[[ DATA, beginning ]]

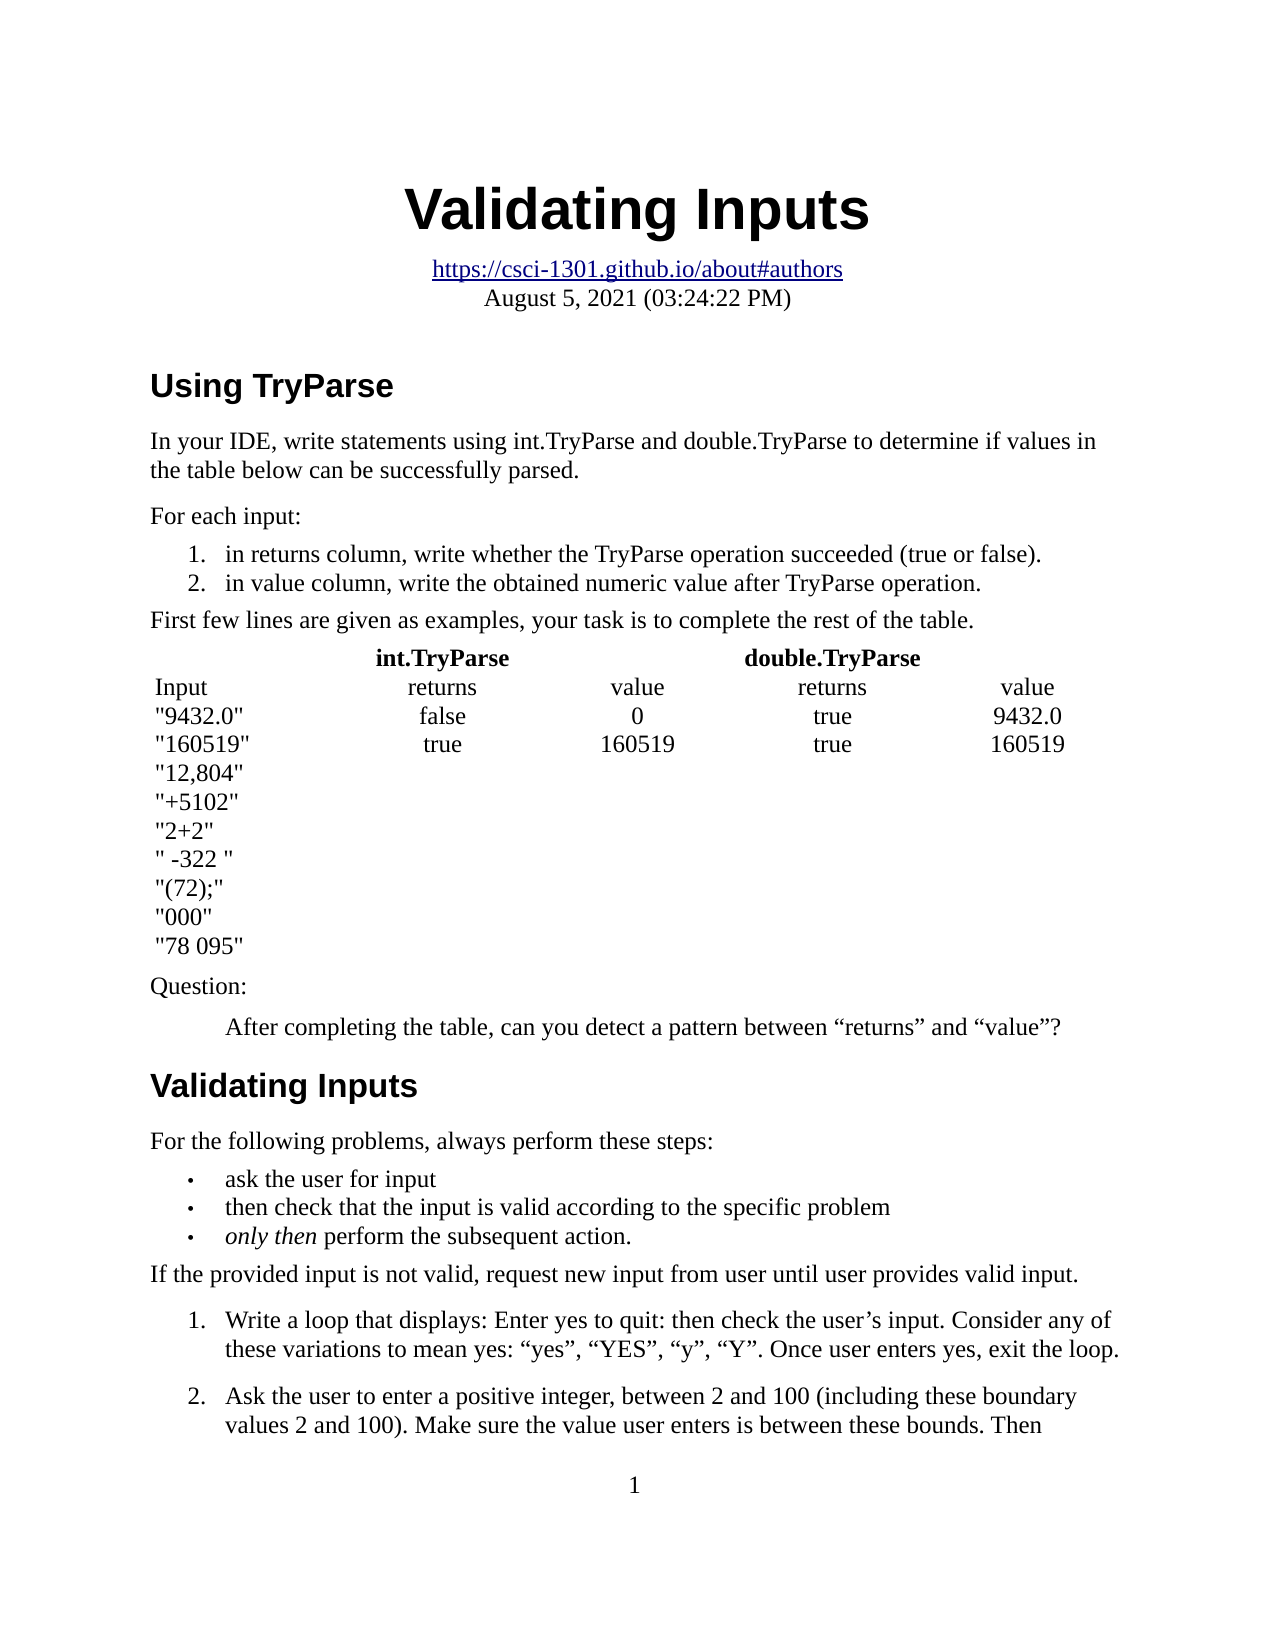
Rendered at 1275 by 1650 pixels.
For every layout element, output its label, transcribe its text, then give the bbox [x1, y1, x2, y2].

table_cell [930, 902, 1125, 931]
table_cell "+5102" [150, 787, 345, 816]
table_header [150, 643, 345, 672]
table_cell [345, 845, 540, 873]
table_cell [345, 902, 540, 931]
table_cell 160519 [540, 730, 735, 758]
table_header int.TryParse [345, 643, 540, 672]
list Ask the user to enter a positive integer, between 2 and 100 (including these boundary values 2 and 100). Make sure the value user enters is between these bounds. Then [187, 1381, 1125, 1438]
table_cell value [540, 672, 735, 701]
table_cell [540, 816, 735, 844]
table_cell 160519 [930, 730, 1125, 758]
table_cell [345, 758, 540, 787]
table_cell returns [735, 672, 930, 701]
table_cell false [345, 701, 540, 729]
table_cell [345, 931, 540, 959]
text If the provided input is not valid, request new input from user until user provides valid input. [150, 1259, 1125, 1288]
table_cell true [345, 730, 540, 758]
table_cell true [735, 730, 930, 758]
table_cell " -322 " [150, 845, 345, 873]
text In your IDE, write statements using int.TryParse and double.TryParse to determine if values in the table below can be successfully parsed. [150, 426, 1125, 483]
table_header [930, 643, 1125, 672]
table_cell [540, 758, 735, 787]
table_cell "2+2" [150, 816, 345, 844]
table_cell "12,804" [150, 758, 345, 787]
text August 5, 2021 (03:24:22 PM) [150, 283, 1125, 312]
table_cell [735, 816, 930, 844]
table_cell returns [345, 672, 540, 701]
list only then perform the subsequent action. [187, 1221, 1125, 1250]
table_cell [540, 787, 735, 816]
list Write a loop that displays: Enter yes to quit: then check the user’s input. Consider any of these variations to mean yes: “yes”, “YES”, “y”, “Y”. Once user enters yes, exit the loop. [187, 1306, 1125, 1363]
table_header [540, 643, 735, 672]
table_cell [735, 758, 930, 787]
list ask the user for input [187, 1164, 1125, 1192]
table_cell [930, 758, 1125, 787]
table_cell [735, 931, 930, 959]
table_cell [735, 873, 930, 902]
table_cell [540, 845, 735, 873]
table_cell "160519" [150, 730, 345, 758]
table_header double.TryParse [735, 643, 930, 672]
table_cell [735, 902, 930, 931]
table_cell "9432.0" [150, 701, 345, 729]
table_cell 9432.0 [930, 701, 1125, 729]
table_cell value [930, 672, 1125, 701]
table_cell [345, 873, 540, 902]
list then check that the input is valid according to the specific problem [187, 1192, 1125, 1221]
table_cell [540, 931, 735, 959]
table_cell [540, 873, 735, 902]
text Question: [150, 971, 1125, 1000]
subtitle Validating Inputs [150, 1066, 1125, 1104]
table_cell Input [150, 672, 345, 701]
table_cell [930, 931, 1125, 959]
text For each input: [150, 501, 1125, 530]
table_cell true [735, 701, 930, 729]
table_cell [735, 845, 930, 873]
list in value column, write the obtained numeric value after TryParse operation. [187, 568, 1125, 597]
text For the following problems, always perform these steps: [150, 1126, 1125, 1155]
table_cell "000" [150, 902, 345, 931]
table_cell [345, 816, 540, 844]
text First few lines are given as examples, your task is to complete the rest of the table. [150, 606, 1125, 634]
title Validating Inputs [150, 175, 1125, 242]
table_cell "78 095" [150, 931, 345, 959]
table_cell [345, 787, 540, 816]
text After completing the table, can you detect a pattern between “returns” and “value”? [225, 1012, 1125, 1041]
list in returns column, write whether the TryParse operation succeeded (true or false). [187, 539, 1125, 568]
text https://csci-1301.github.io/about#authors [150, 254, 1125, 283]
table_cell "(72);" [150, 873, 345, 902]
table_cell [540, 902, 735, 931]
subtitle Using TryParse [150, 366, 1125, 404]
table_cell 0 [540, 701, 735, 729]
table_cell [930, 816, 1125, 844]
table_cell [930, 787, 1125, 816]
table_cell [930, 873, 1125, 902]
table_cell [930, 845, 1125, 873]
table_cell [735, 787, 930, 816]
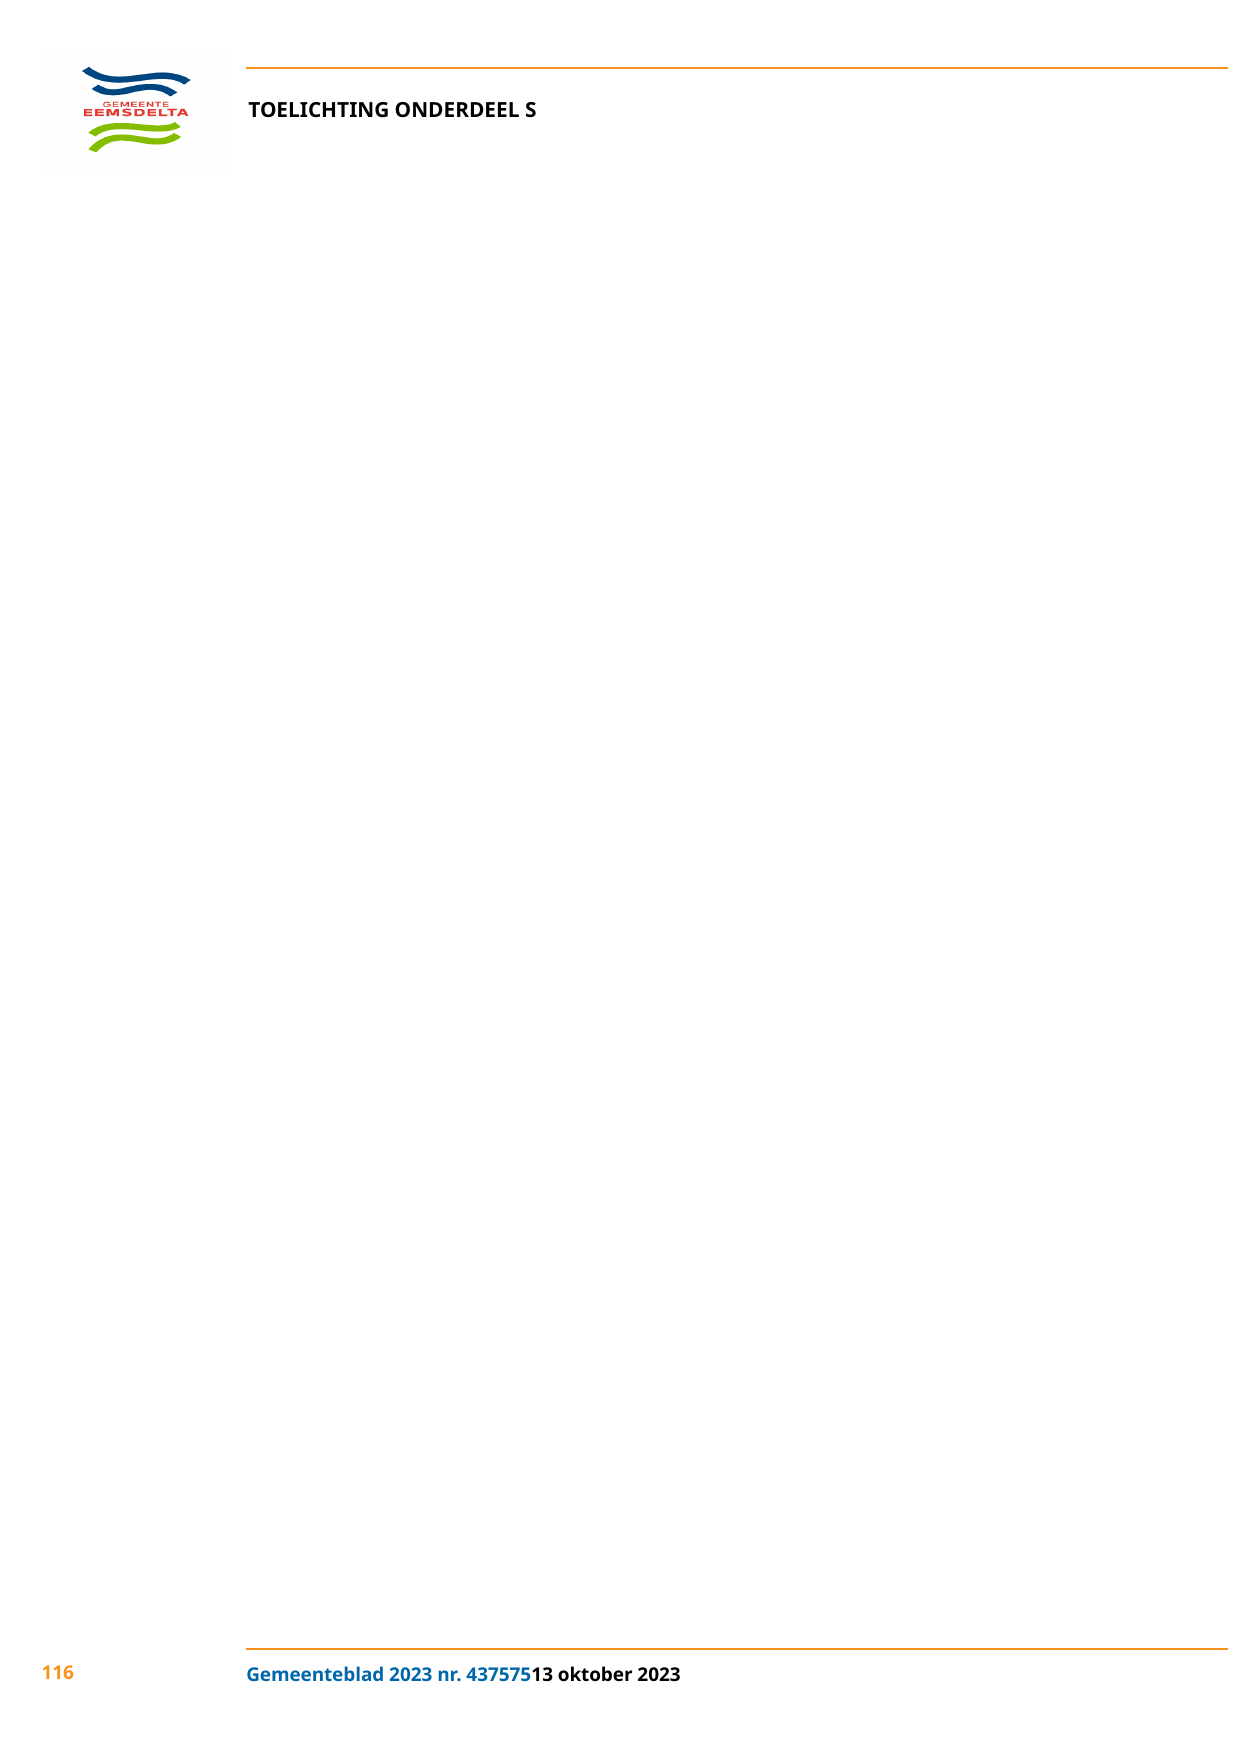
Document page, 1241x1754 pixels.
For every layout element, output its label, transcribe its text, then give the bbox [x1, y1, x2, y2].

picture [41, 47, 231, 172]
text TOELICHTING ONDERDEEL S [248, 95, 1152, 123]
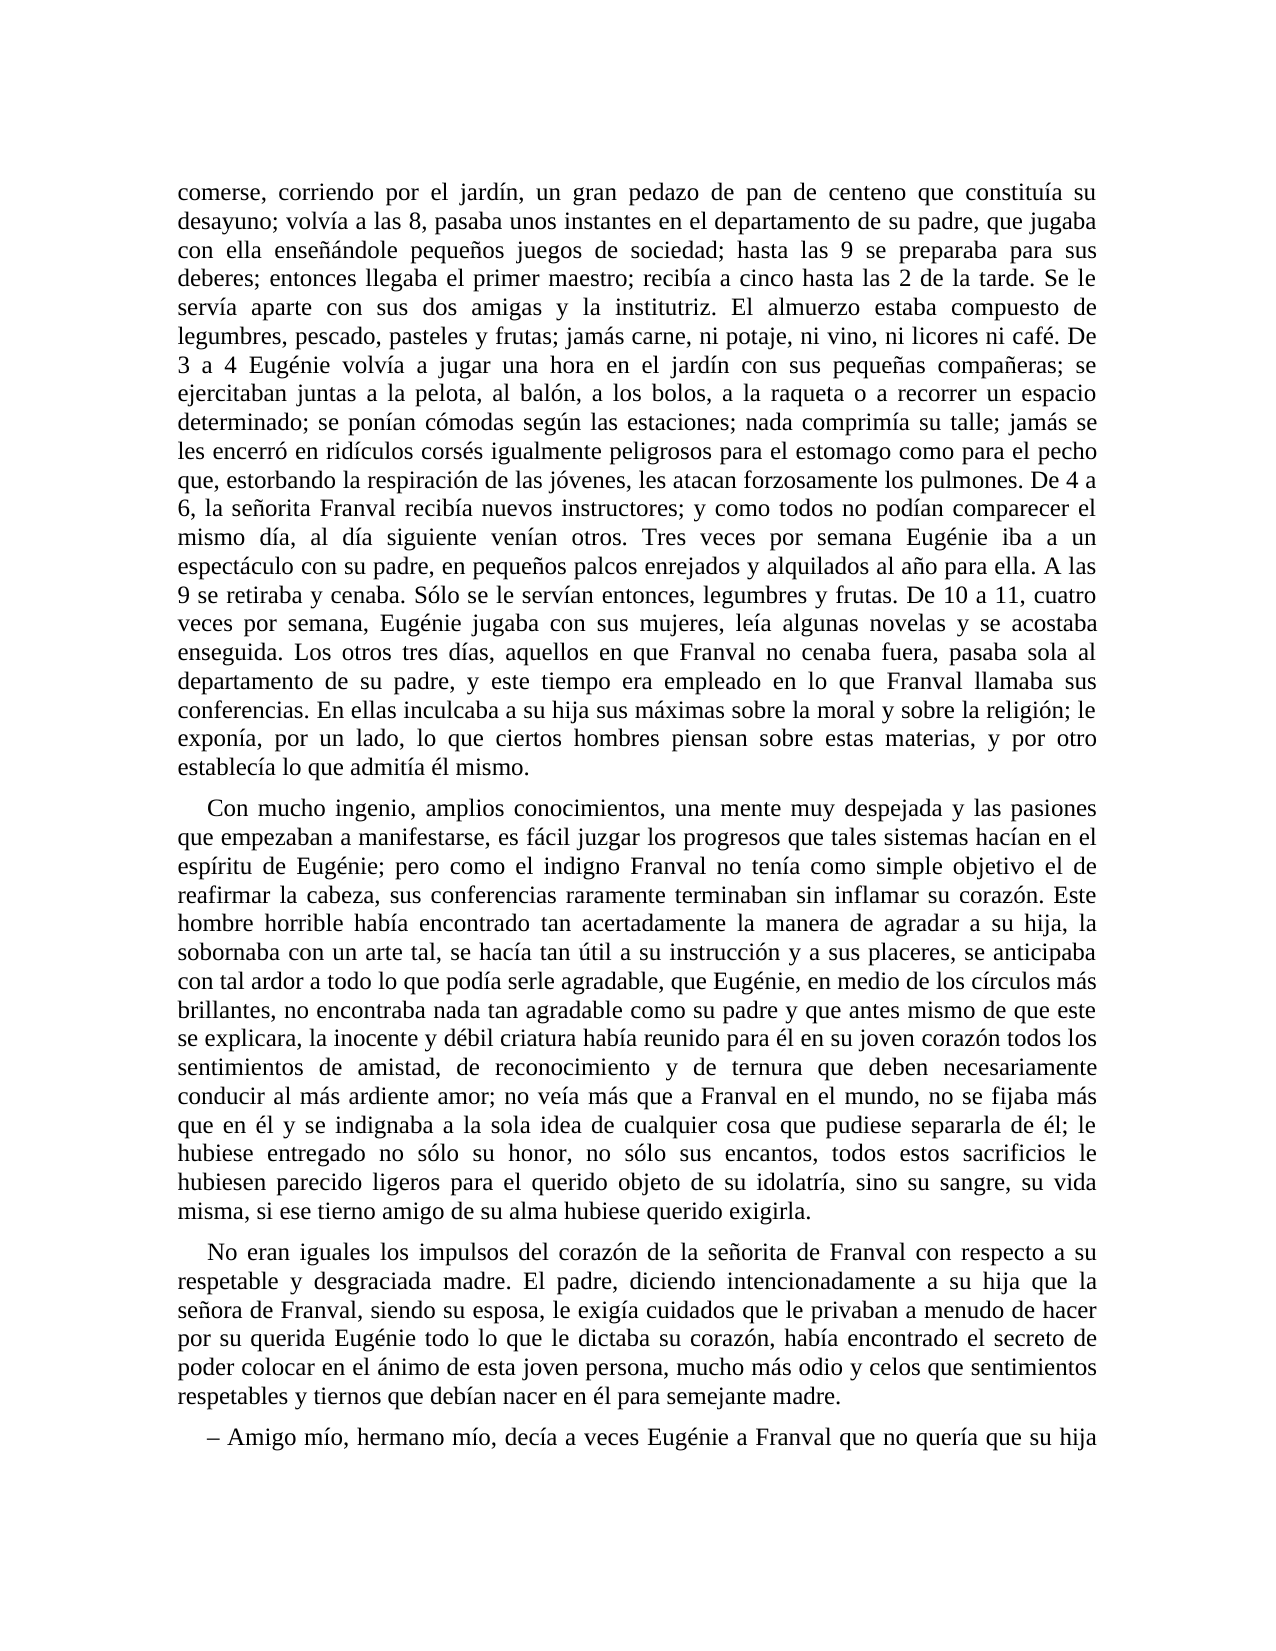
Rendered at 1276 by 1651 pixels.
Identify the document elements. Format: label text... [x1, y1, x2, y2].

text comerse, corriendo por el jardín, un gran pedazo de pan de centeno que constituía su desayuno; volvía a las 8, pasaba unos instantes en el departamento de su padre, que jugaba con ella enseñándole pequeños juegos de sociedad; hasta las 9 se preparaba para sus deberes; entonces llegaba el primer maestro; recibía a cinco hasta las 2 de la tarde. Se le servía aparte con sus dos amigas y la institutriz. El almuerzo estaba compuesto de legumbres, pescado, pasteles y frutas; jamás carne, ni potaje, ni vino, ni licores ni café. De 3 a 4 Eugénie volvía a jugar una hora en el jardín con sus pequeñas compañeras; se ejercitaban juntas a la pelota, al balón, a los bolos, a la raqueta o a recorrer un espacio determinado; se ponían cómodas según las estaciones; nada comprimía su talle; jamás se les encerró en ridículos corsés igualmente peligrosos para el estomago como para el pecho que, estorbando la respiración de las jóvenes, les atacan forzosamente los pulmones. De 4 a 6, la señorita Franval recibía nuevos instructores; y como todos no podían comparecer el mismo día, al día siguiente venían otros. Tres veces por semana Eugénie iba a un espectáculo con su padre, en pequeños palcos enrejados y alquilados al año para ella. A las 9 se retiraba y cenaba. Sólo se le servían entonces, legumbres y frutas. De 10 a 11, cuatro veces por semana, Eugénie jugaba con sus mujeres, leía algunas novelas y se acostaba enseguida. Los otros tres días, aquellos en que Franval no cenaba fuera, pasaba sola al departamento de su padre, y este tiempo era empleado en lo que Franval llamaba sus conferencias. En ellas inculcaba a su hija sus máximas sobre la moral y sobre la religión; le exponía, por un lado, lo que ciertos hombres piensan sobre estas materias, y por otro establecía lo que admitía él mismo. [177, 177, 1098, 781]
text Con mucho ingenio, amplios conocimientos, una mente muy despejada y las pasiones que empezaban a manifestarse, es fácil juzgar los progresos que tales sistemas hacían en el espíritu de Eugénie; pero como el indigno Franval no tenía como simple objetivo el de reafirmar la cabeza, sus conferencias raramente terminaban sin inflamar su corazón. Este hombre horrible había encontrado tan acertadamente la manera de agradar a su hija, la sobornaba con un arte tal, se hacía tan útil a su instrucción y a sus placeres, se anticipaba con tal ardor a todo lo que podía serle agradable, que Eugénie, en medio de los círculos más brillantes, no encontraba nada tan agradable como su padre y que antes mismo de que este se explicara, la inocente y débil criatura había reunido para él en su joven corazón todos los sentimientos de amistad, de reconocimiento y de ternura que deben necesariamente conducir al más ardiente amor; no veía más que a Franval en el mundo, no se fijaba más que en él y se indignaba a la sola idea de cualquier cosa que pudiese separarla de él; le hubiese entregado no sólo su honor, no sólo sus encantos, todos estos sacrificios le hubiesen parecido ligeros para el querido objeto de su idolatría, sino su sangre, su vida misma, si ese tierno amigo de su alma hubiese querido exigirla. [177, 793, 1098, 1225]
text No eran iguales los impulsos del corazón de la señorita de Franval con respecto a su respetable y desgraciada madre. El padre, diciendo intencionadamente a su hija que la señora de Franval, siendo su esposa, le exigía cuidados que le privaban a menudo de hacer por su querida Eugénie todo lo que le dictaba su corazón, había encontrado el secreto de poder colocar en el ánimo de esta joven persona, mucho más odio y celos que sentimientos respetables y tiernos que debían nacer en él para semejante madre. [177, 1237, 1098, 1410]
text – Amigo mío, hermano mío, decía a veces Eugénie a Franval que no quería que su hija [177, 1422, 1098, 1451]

[[ DATA, end ]]

The lines above starting at the one that contains "table_cell 160519 [540, 730, 735, 758]" and ending at the one that contains "table_cell [540, 816, 735, 844]" must be transcribed exactly, and no other lines may appear.

table_cell 160519 [540, 730, 735, 758]
table_header int.TryParse [345, 643, 540, 672]
list Ask the user to enter a positive integer, between 2 and 100 (including these boundary values 2 and 100). Make sure the value user enters is between these bounds. Then [187, 1381, 1125, 1438]
table_cell value [540, 672, 735, 701]
table_cell [540, 816, 735, 844]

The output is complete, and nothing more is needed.